From http://exhibitions.nypl.org/africanaage/essay-negritude.html "Négritude"
[written by] Bertrade Ngo-Ngijol Banoum –Lehman College
"Négritude is a cultural movement launched in 1930s Paris by French-speaking black graduate students from France's colonies in Africa and the Caribbean territories. These black intellectuals converged around issues of race identity and black internationalist initiatives to combat French imperialism. They found solidarity in their common ideal of affirming pride in their shared black identity and African heritage, and reclaiming African self-determination, self–reliance, and self–respect.
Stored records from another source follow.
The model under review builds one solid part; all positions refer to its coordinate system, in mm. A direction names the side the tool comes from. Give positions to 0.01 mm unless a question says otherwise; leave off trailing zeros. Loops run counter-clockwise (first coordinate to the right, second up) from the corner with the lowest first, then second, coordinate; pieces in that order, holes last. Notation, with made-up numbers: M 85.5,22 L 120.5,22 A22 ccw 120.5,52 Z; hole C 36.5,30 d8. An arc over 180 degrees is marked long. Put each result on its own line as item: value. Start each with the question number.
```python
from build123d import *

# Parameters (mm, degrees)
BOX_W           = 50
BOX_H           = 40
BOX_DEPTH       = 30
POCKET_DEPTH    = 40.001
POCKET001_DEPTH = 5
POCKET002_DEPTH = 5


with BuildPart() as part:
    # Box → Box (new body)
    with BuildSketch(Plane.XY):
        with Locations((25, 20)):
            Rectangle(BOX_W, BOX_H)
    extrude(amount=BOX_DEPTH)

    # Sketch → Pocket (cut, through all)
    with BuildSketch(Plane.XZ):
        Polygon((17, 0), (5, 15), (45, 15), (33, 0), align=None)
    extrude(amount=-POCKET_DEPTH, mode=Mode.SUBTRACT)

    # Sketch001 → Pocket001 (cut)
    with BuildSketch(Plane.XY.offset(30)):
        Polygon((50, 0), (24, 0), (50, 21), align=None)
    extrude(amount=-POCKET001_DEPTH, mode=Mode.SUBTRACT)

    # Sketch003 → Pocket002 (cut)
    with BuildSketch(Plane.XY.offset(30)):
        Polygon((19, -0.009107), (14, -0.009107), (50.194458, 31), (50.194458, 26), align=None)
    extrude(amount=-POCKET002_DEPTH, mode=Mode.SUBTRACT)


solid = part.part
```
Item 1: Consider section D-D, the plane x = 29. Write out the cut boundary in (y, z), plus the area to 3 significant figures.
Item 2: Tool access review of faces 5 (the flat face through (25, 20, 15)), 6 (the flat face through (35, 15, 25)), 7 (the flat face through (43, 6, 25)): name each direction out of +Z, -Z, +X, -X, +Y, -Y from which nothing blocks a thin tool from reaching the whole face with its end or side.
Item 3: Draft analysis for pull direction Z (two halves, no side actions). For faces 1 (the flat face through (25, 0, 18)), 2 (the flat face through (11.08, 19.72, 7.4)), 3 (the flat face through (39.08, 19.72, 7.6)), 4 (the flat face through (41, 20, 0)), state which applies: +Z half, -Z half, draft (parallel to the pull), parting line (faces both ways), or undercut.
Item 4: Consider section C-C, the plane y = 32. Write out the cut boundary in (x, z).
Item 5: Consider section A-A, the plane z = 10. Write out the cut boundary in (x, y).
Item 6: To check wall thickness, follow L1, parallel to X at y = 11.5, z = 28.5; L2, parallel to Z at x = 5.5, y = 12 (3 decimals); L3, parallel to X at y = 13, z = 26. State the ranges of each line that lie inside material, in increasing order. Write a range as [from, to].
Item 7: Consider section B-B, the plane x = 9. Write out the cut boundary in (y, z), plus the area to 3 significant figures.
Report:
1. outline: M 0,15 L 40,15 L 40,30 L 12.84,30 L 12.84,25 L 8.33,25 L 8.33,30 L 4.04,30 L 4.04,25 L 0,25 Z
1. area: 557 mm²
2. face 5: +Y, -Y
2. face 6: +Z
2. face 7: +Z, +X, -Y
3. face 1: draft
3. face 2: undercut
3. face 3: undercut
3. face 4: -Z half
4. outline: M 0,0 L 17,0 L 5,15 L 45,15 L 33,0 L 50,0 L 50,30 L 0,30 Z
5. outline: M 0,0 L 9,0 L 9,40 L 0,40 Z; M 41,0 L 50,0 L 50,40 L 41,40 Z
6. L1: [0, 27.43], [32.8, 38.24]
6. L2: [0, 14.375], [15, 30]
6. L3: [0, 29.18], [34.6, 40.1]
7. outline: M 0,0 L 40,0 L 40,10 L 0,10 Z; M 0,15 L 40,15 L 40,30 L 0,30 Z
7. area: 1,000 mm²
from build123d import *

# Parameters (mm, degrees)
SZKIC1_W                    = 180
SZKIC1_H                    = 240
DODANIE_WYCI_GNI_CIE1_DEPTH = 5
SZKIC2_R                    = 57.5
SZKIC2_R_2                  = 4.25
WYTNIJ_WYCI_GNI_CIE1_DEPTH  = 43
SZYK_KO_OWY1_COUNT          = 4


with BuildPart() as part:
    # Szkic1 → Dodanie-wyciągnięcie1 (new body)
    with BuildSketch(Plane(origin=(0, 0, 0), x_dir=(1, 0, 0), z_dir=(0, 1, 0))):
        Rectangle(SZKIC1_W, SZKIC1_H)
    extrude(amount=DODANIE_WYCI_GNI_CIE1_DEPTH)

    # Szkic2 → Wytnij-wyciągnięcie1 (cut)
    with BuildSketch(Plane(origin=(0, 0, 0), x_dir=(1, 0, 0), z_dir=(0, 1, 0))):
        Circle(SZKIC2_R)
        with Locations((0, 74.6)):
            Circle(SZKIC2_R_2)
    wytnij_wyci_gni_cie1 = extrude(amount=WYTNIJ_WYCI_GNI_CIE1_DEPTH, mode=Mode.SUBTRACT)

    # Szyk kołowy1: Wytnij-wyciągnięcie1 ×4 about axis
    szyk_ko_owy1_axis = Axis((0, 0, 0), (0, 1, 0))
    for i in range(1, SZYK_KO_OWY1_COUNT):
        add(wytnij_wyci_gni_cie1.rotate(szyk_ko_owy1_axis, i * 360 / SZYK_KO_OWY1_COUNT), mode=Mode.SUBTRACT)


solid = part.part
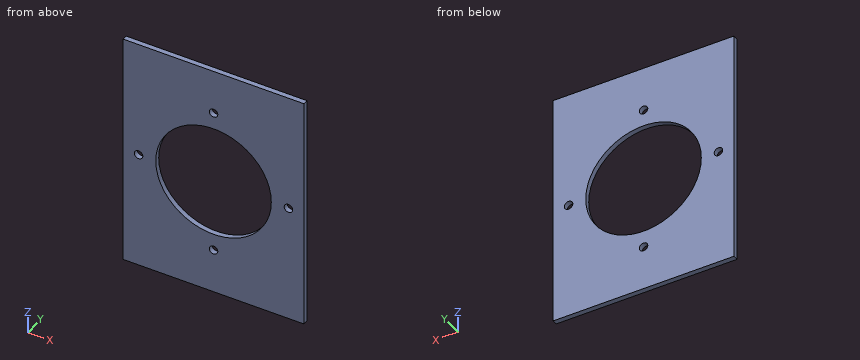
The model under review builds one solid part; all positions refer to its coordinate system, in mm. Round coordinates to 2 decimals unless told otherwise and drop trailing zeros. Loops run counter-clockwise (first coordinate to the right, second up) from the corner with the lowest first, then second, coordinate; pieces in that order, holes last. Notation, with made-up numbers: (-40, 7) - (-6, 7) arc R26 ccw to (-6, 26) - close; hole circle Ø2 at (86, 85). An arc over 180 degrees is marked (long way). Use CSV: the item, a comma, the result in double quotes.
(1) Take a section at A-A, the plane x = 0. Give the boundary of the cut face in (y, z).
Working result:
outline,"(0, -120) - (5, -120) - (5, -78.85) - (0, -78.85) - close; (0, -70.35) - (5, -70.35) - (5, -57.5) - (0, -57.5) - close; (0, 57.5) - (5, 57.5) - (5, 70.35) - (0, 70.35) - close; (0, 78.85) - (5, 78.85) - (5, 120) - (0, 120) - close"
(2) Take a section at B-B, the plane z = 0. Give the boundary of the cut face in (x, y).
Working result:
outline,"(-90, 0) - (-78.85, 0) - (-78.85, 5) - (-90, 5) - close; (-70.35, 0) - (-57.5, 0) - (-57.5, 5) - (-70.35, 5) - close; (57.5, 0) - (70.35, 0) - (70.35, 5) - (57.5, 5) - close; (78.85, 0) - (90, 0) - (90, 5) - (78.85, 5) - close"
(3) Clearance check with a flat-ended pin moving along its axis: P1, Ø7.5, axis at x = 74.6, z = 0, coming from the -Y side. State where the tip first meets the part, or that it passes through.
Working result:
P1,"passes through"
(4) Take a section at C-C, the plane x = 74.6. Give the boundary of the cut face in (y, z), plus the area to 3 significant figures.
Working result:
outline,"(0, -120) - (5, -120) - (5, -4.25) - (0, -4.25) - close; (0, 4.25) - (5, 4.25) - (5, 120) - (0, 120) - close"
area,"1,160 mm^2"
(5) For line 1 (Z direction, x = 0, y = 2.8); line 2 (X direction, y = 2.45, z = 0); line 3 (Z direction, x = 25, y = 3.8), list the stretches that pass through material, from the lowest coordinate up.
Working result:
line 1,"z = -120 to -78.85, -70.35 to -57.5, 57.5 to 70.35, 78.85 to 120"
line 2,"x = -90 to -78.85, -70.35 to -57.5, 57.5 to 70.35, 78.85 to 90"
line 3,"z = -120 to -51.78, 51.78 to 120"
(6) Take a section at D-D, the plane y = 2.9. Give the boundary of the cut face in (x, z), plus the area to 3 significant figures.
Working result:
outline,"(-90, -120) - (90, -120) - (90, 120) - (-90, 120) - close; hole circle Ø8.5 at (-74.6, 0); hole circle Ø115 at (0, 0); hole circle Ø8.5 at (0, -74.6); hole circle Ø8.5 at (0, 74.6); hole circle Ø8.5 at (74.6, 0)"
area,"32,600 mm^2"
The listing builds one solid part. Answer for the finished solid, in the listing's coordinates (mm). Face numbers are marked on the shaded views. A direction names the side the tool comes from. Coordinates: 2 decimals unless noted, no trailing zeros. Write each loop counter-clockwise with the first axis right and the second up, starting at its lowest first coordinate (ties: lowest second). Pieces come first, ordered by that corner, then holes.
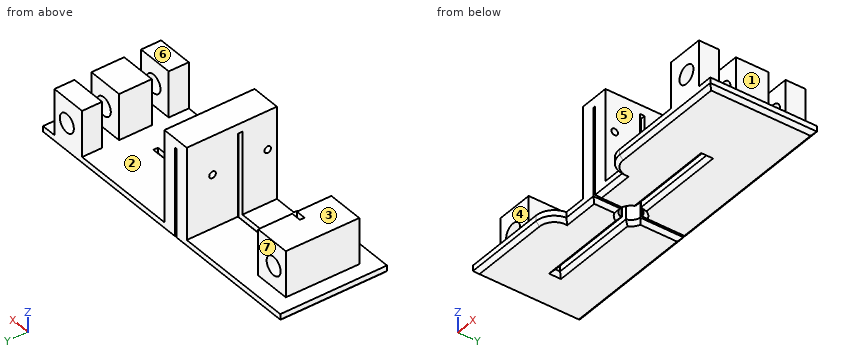
from build123d import *

# Parameters (mm, degrees)
SKETCH1_W           = 170
SKETCH1_H           = 58
BOSS_EXTRUDE1_DEPTH = 5
SKETCH2_W           = 28
SKETCH2_H           = 58
BOSS_EXTRUDE2_DEPTH = 25
CUT_EXTRUDE4_DEPTH  = 25
SKETCH6_W           = 16
SKETCH6_H           = 58
BOSS_EXTRUDE3_DEPTH = 50
SKETCH7_W           = 1.2
SKETCH7_H           = 58
CUT_EXTRUDE5_DEPTH  = 50
CUT_EXTRUDE6_DEPTH  = 50
SKETCH9_R           = 1.8
CUT_EXTRUDE7_DEPTH  = 20
HOLE3_START         = -20
HOLE3_OUTLINE_R     = 5
HOLE3_DEPTH         = 39.8
HOLE4_START         = -29
HOLE4_OUTLINE_R     = 5
HOLE4_DEPTH         = 58
SKETCH12_W          = 40
SKETCH12_H          = 9
CUT_EXTRUDE8_DEPTH  = 106.313816757
FILLET1_R           = 10
CHAMFER1_SIZE       = 2


# Read off the part's stored shape, not the designer's step: Hole3, Hole4
with BuildPart() as part:
    # Sketch1 → Boss-Extrude1 (new body)
    with BuildSketch(Plane.XY):
        Rectangle(SKETCH1_W, SKETCH1_H)
    extrude(amount=BOSS_EXTRUDE1_DEPTH)

    # Sketch2 → Boss-Extrude2 (add)
    with BuildSketch(Plane(origin=(0, 0, 5), x_dir=(-1, 0, 0), z_dir=(0, 0, -1))):
        with Locations((71, 0)):
            Rectangle(SKETCH2_W, SKETCH2_H)
        with Locations((-71, 0)):
            Rectangle(SKETCH2_W, SKETCH2_H)
    extrude(amount=-BOSS_EXTRUDE2_DEPTH)

    # Sketch3 → Cut-Extrude4 (cut)
    with BuildSketch(Plane.XY.offset(30)):
        Polygon((-57, -29), (-57, -20), (-77, -20), (-76.8, 19.8), (-57, 19.8), (-57, 29), (-85, 29), (-85, -29), align=None)
        Polygon((56, 8.9), (56, 18.1), (76.8, 18.1), (76.8, 29), (85, 29), (85, -29), (76.8, -29), (76.8, -18.1), (56, -18.1), (56, -8.9), (76.8, -8.9), (76.8, 8.9), align=None)
    extrude(amount=-CUT_EXTRUDE4_DEPTH, mode=Mode.SUBTRACT)

    # Sketch6 → Boss-Extrude3 (add)
    with BuildSketch(Plane.XY.offset(5)):
        with Locations((-10, 0)):
            Rectangle(SKETCH6_W, SKETCH6_H)
    extrude(amount=BOSS_EXTRUDE3_DEPTH)

    # Sketch7 → Cut-Extrude5 (cut)
    with BuildSketch(Plane(origin=(0, 0, 0), x_dir=(-1, 0, 0), z_dir=(0, 0, -1))):
        with Locations((10, 0)):
            Rectangle(SKETCH7_W, SKETCH7_H)
    extrude(amount=-CUT_EXTRUDE5_DEPTH, mode=Mode.SUBTRACT)

    # Sketch8 → Cut-Extrude6 (cut)
    with BuildSketch(Plane(origin=(0, 0, 0), x_dir=(-1, 0, 0), z_dir=(0, 0, -1))):
        with BuildLine():
            Line((15.356071321, 1.25), (62.5, 1.25))
            Line((62.5, 1.25), (62.5, -1.25))
            Line((62.5, -1.25), (15.356071321, -1.25))
            ThreePointArc((15.356071321, -1.25), (10, -5.5), (4.643928679, -1.25))
            Line((4.643928679, -1.25), (-42.5, -1.25))
            Line((-42.5, -1.25), (-42.5, 1.25))
            Line((-42.5, 1.25), (4.643928679, 1.25))
            ThreePointArc((4.643928679, 1.25), (10, 5.5), (15.356071321, 1.25))
        make_face()
    extrude(amount=-CUT_EXTRUDE6_DEPTH, mode=Mode.SUBTRACT)

    # Sketch9 → Cut-Extrude7 (cut)
    with BuildSketch(Plane.ZY.offset(18)):
        with Locations((34, 15)):
            Circle(SKETCH9_R)
        with Locations((34, -15)):
            Circle(SKETCH9_R)
    extrude(amount=-CUT_EXTRUDE7_DEPTH, mode=Mode.SUBTRACT)

    # Hole3 outline → Hole3 (cut)
    with BuildSketch(Plane(origin=(0, 0, 0), x_dir=(1, 0, 0), z_dir=(0, 1, 0)).offset(HOLE3_START)):
        with Locations((-68.081865543, -16.770132162)):
            Circle(HOLE3_OUTLINE_R)
    extrude(amount=HOLE3_DEPTH, mode=Mode.SUBTRACT)

    # Hole4 outline → Hole4 (cut)
    with BuildSketch(Plane(origin=(0, 0, 0), x_dir=(1, 0, 0), z_dir=(0, 1, 0)).offset(HOLE4_START)):
        with Locations((67.918134457, -16.770132162)):
            Circle(HOLE4_OUTLINE_R)
    extrude(amount=HOLE4_DEPTH, mode=Mode.SUBTRACT)

    # Sketch12 → Cut-Extrude8 (cut, through all)
    with BuildSketch(Plane(origin=(0, 0, 0), x_dir=(-1, 0, 0), z_dir=(0, 0, -1))):
        with Locations((10, -24.5)):
            Rectangle(SKETCH12_W, SKETCH12_H)
    extrude(amount=-CUT_EXTRUDE8_DEPTH, mode=Mode.SUBTRACT)

    # Fillet1
    # the kernel refuses this fillet: 10 mm, written as the material it takes off along each edge
    with BuildSketch(Plane(origin=(-30, -29, -24.874685928), x_dir=(0, 1, 0), z_dir=(0, 0, 1))) as fillet1_piece_1:
        with BuildLine():
            CenterArc((10, 9.949874371), FILLET1_R, 180, 84.260829523)
            Line((0, 9.949874371), (-0.2, 9.949874371))
            Line((-0.2, 9.949874371), (-0.2, 0))
            Line((-0.2, 0), (0, -0.2))
            ThreePointArc((0, -0.2), (4.5, -0.2), (8.98, -0.198997487))
            Line((8.98, -0.198997487), (9, 0))
        make_face()
    extrude(amount=54.749371855, mode=Mode.SUBTRACT)
    with BuildSketch(Plane(origin=(10, -29, -24.874685928), x_dir=(0, 1, 0), z_dir=(0, 0, 1))) as fillet1_piece_2:
        with BuildLine():
            CenterArc((10, -9.949874371), FILLET1_R, 95.739170477, 84.260829523)
            Line((0, -9.949874371), (-0.2, -9.949874371))
            Line((-0.2, -9.949874371), (-0.2, 0))
            Line((-0.2, 0), (0, 0.2))
            ThreePointArc((0, 0.2), (4.5, 0.2), (8.98, 0.198997487))
            Line((8.98, 0.198997487), (9, 0))
        make_face()
    extrude(amount=54.749371855, mode=Mode.SUBTRACT)

    # Chamfer1
    chamfer1_edges = [part.edges().sort_by_distance(p)[0] for p in [
        (-47.8, 29, 0),
        (-9.4, 17.233587387, 0),
        (-10.6, 17.233587387, 0),
        (-9.4, -12.733587387, 0),
        (-6.351049855, -4.115235453, 0),
        (-6.351049855, 4.115235453, 0),
        (18.928035661, 1.25, 0),
        (42.5, 0, 0),
        (18.928035661, -1.25, 0),
        (-13.648950145, 4.115235453, 0),
        (-13.648950145, -4.115235453, 0),
        (-38.928035661, -1.25, 0),
        (-62.5, 0, 0),
        (-38.928035661, 1.25, 0),
        (-10.6, -12.733587387, 0),
        (0.3, -20, 0),
        (-20.3, -20, 0),
        (-33.241670439, -26.416198487, 0),
        (52.474937186, -29, 0),
        (13.241670439, -26.416198487, 0),
        (37.8, 29, 0),
        (85, 0, 0),
        (-62.474937186, -29, 0),
        (-85, 0, 0),
    ]]
    chamfer(chamfer1_edges, length=CHAMFER1_SIZE)


solid = part.part
1. Flat-ended cylindrical pins translate along their axes: P1, Ø3, axis at y = 13.5, z = 36, coming from the +X side; P2, Ø4.5, axis at y = -12, z = 21.5, coming from the -X side; P3, Ø10, axis at x = -68.5, y = -4.5, coming from the +Z side. Find the tip coordinate at first contact, or state that the pin passes through.
Results found:
P1: stops at x = -2
P2: stops at x = -76.97
P3: stops at z = 30
2. For a pull along X with two mould halves and no side action, classify the marked faces 1, 2 and 3 as pulls with the +X half, pulls with the -X half, needs draft (parallel to the pull), parting line crosses it, or undercut.
Results found:
face 1: pulls with the +X half
face 2: undercut
face 3: needs draft
3. A tool of negligible diameter and unlimited length cuts with its end or side. For the marked faces 4, 5, 6 and 7, from which of +Z, -Z, +X, -X, +Y, -Y can it reach the whole face along a straight path? Write none if from no direction.
Results found:
face 4: +Z, -X, -Y
face 5: +Z, +Y, -Y
face 6: +Z, +X, +Y, -Y
face 7: +Z, -X, +Y
4. Find the intervals of material crossed by L1, parallel to Y at x = -15.75, z = 34; L2, parallel to Y at x = 67.5, z = 9; L3, parallel to X at y = 15, z = 41.5, in increasing order.
Results found:
L1: y = -20 to -16.8, -13.2 to -1.25, 1.25 to 13.2, 16.8 to 29
L2: y = -29 to -18.1, -8.9 to 8.9, 18.1 to 29
L3: x = -18 to -10.6, -9.4 to -2
5. Section B-B on y = -15 is taken. State how many separate pieces and enclosed holes the cut face has, then the cut area to 3 significant figures.
Results found:
separate pieces: 3
enclosed holes: 1
area: 1,950 mm2
6. Section A-A on z = 47 is taken. Give the vertices of the cut face in (x, y), then the cut area to 3 significant figures.
Results found:
outline: (-18, -20) - (-10.6, -20) - (-10.6, -5.47) arc R5.5 cw to (-15.36, -1.25) - (-18, -1.25) - close; (-18, 1.25) - (-15.36, 1.25) arc R5.5 cw to (-10.6, 5.47) - (-10.6, 29) - (-18, 29) - close; (-9.4, -20) - (-2, -20) - (-2, -1.25) - (-4.64, -1.25) arc R5.5 cw to (-9.4, -5.47) - close; (-9.4, 5.47) arc R5.5 cw to (-4.64, 1.25) - (-2, 1.25) - (-2, 29) - (-9.4, 29) - close
area: 631 mm2
from build123d import *

The Négritude movement signaled an awakening of race consciousness for blacks in Africa and the African Diaspora. This new race consciousness, rooted in a (re)discovery of the authentic self, sparked a collective condemnation of Western domination, anti-black racism, enslavement, and colonization of black people. It sought to dispel denigrating myths and stereotypes linked to black people, by acknowledging their culture, history, and achievements, as well as reclaiming their contributions to the world and restoring their rightful place within the global community.
The Roots of Négritude
The movement is deeply rooted in Pan-African congresses, exhibitions, organizations, and publications produced to challenge the theory of race hierarchy and black inferiority developed by philosophers such as Friedrich Hegel and Joseph de Gobineau. Diverse thinkers influenced this rehabilitation process, including anthropologists Leo Frobenius and Maurice Delafosse, who wrote on Africa; colonial administrator René Maran, who penned the seminal ethnographic novel Batouala: Véritable roman négre, an eyewitness account of abuses and injustices within the French colonial system; André Breton, the father of Surrealism; French romantics Arthur Rimbaud and Charles Baudelaire; Haitian Jean-Price Mars, who developed the concept of Indigenism; Haitian anthropologist Anténor Firmin and Cuban Nicolás Guillén, who promoted Negrismo.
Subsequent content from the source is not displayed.